EXERCISE AIM>
What lines of the data below include the word "pitch"? Report them by copying each.

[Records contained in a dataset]
== Segment start ==
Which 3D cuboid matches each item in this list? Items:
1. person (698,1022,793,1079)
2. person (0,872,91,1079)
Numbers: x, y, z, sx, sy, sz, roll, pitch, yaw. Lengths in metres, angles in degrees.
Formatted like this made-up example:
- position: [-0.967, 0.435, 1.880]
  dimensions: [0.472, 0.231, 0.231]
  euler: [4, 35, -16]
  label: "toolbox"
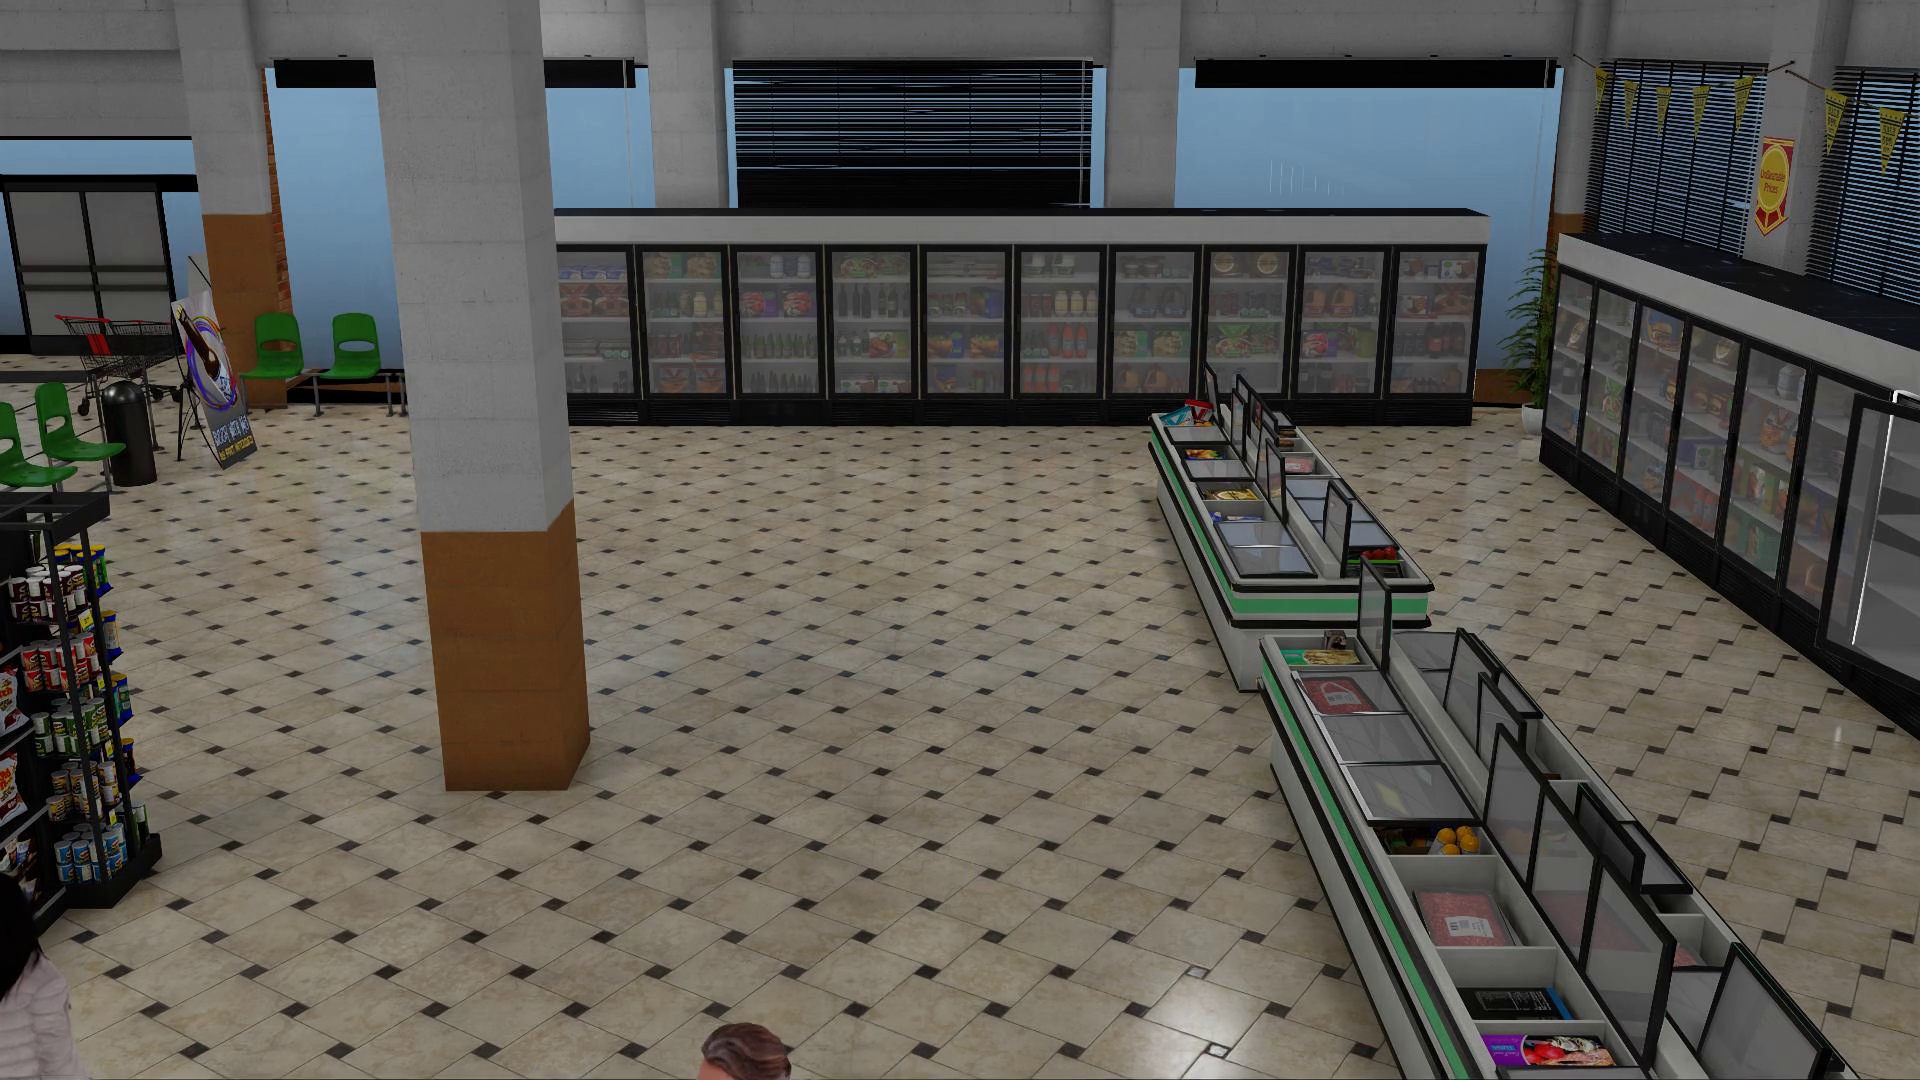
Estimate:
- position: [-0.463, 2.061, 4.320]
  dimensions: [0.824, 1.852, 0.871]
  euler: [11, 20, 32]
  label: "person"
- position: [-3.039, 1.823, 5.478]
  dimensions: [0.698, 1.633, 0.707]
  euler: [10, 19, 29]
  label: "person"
== Segment end ==
== Segment start ==
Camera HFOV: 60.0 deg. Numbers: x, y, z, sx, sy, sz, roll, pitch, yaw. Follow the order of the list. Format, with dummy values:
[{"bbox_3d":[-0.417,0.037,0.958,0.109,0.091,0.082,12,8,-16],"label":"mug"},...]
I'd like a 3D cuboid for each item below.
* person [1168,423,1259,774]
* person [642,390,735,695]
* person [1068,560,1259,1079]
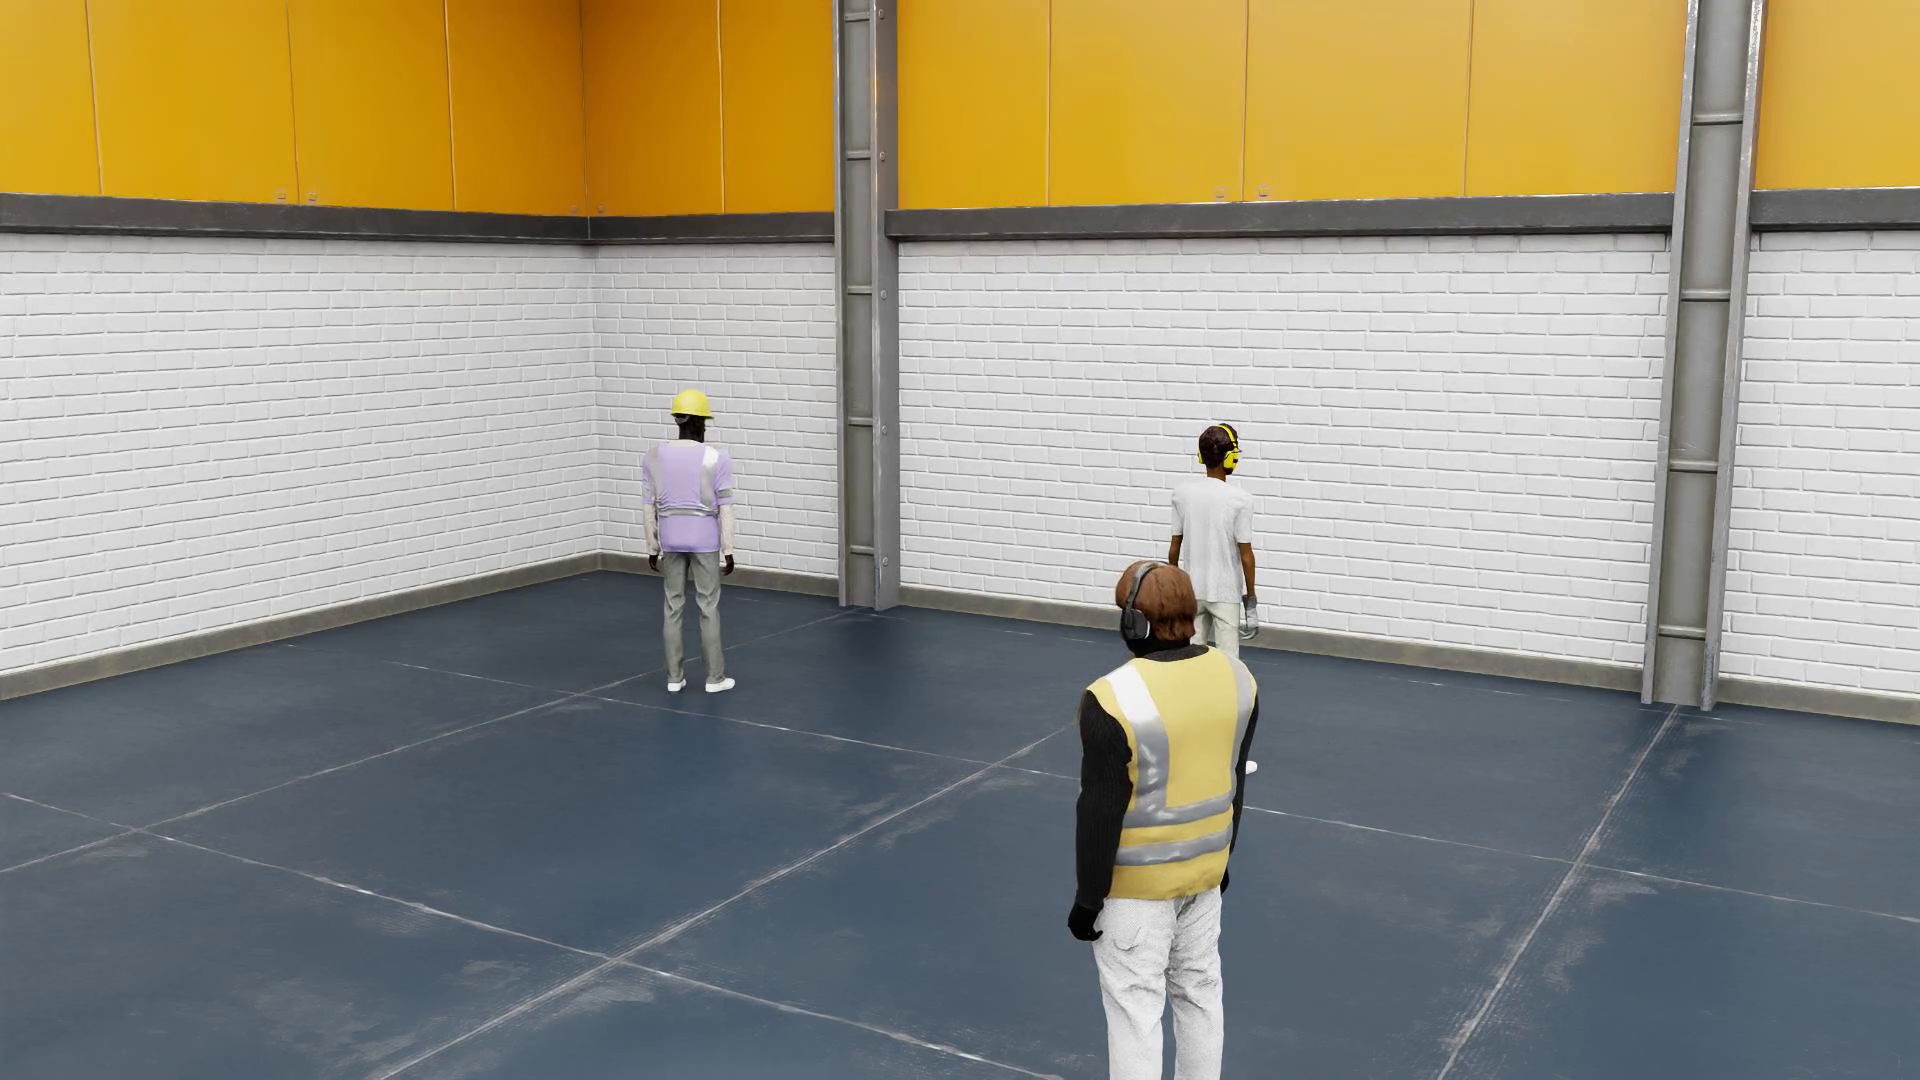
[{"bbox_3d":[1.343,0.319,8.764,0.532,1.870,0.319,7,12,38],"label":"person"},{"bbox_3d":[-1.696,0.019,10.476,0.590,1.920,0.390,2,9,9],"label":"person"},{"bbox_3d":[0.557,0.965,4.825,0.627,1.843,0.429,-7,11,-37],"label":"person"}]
== Segment end ==
SOLUTION FOR THIS TASK>
Numbers: x, y, z, sx, sy, sz, roll, pitch, yaw. Lengths in metres, angles in degrees.
Camera HFOV: 60.0 deg. Numbers: x, y, z, sx, sy, sz, roll, pitch, yaw. Follow the order of the list. Format, with dummy values:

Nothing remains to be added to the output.